Joanna Hughes, a spokeswoman for The Royal Parks, the United Kingdom government agency that manages eight parks in London, summarizes the rationale quite nicely in an article for Governing. “While there are certainly physical health aspects to the playground, it is also there to nurture social and mental health.”

Studies show that time spent with children can help seniors stay mentally alert and engaged, counteract feelings of isolation and depression that can occur with aging, and allow older adults to deepen their bonds with their grandchildren. In areas of high crime and poverty, where grandchildren frequently care for grandchildren, creating the opportunity for shared experiences at fitness centers, gyms, and playgrounds is an added rationale for adopting a multigenerational approach.

The Rodeo

Goric Offerings
Goric has a number of engaging sensory and sound offerings that integrate well in these settings. The Farm Pump, a cast iron, hand-operated water pump that connects to a water line, is a great place to start. One way young children develop a sense of agency and independence is by operating tools on their own, but if they need a little extra muscle and encouragement, older adults can jump in. The Farm Pump pairs well with other sand and water equipment, such as the Archimedes Screw and Water Play System 3, and is a wonderful jumping off point for lessons on sharing, where water comes from, why water is important to our health, and why it is important to conserve— the kind of wisdom that benefits from lived experience.

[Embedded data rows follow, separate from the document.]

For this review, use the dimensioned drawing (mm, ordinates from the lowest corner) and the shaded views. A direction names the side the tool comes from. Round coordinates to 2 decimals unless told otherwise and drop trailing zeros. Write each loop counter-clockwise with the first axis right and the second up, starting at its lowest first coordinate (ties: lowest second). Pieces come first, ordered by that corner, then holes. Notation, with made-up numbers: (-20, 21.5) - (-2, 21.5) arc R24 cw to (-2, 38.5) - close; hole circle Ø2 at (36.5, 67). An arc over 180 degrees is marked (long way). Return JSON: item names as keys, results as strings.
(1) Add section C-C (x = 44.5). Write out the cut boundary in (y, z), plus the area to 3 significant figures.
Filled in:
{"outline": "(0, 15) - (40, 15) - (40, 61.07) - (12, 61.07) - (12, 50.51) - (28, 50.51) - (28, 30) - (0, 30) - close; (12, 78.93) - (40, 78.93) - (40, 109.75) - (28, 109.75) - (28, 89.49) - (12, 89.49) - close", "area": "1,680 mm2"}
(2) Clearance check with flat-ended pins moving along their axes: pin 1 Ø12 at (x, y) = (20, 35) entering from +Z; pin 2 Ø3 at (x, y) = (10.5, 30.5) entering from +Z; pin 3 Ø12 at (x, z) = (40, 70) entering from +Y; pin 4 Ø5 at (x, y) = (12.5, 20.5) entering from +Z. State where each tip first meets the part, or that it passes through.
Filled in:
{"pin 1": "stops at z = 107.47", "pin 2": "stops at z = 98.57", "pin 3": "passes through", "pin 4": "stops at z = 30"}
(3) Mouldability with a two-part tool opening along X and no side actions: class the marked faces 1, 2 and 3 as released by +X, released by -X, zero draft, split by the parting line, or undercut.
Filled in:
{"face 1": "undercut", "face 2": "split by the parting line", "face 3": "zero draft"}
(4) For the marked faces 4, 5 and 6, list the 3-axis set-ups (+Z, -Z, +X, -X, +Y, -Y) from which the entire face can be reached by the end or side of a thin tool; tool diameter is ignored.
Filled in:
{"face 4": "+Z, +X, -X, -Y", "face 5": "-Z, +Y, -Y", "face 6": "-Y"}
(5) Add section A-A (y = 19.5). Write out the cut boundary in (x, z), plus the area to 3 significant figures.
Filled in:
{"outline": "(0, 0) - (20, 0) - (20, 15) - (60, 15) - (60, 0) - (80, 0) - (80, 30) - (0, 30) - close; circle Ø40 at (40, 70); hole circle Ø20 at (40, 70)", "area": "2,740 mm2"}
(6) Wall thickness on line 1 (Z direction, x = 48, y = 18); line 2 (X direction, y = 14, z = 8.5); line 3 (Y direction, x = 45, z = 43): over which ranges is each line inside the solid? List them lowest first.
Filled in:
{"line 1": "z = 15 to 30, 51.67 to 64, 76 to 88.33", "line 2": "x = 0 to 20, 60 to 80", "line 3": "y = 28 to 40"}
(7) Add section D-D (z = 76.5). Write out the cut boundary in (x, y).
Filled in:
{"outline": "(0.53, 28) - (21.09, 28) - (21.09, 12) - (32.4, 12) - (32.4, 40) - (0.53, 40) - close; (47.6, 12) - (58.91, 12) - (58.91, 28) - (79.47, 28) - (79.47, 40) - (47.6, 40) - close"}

Dance Chimes Musical Tiles

Dance Chimes Musical Tiles

There has been plenty of research showing that early exposure to music strengthens children’s neural connections and increases their capacity to learn, not just musically, but across disciplines. Goric’s popular Babel Drum is a carefully tuned steel drum that children and their grandparents can play with the hands, taking turns or playing as a duet. Tuned to an 8-note major pentatonic scale, it creates beautiful melodies with remarkable sustain. Another lovely sounding option for public places is a set of musical tiles designed by Alfonso van Leggelo. The Dance Chimes, consisting of nine brass tiles, activated by the pressure of movement ─ walking, skipping, jumping, and dancing ─ is a great way for children and grandparents to try to stomp out a melody, while getting a little exercise, as well.

For designers looking for playground equipment children and seniors can both use, The Rodeo is an excellent option. This double-seater version of the traditional see-saw allows grandparents or other caretakers to sit comfortably with their children, while pushing off the ground to strengthen their quads and lower back. The rubber bumpers provide a pillow-soft landing, making it easy on older knees and ankles.

Children and grandparents both stand to benefit from fitness settings that can be shared. Consider it a modest proposal.